Problem to work on: The reply must contain exactly the lines below from the one with "Describe the objects" down to the one with "puts b[-1]</code>", both included, and nothing more; please omit the pictures.
*** Raw data ***
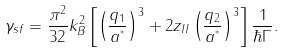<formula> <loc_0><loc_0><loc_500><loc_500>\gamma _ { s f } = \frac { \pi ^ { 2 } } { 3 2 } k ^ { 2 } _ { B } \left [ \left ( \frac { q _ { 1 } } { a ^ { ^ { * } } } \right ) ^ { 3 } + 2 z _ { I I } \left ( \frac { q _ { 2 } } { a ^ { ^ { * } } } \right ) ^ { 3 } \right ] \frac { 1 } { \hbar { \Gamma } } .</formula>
*** End of Raw data ***
*** Raw data ***
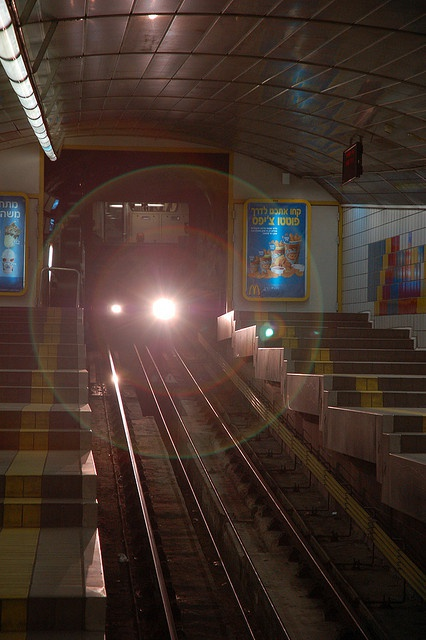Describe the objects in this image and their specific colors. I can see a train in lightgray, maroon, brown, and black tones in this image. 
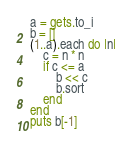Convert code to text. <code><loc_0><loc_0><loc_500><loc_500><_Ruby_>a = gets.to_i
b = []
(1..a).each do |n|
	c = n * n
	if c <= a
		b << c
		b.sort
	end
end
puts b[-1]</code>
*** End of Raw data ***
Output for this task:
Describe the objects in this image and their specific colors. I can see a train in lightgray, maroon, brown, and black tones in this image. 
Convert code to text. <code><loc_0><loc_0><loc_500><loc_500><_Ruby_>a = gets.to_i
b = []
(1..a).each do |n|
	c = n * n
	if c <= a
		b << c
		b.sort
	end
end
puts b[-1]</code>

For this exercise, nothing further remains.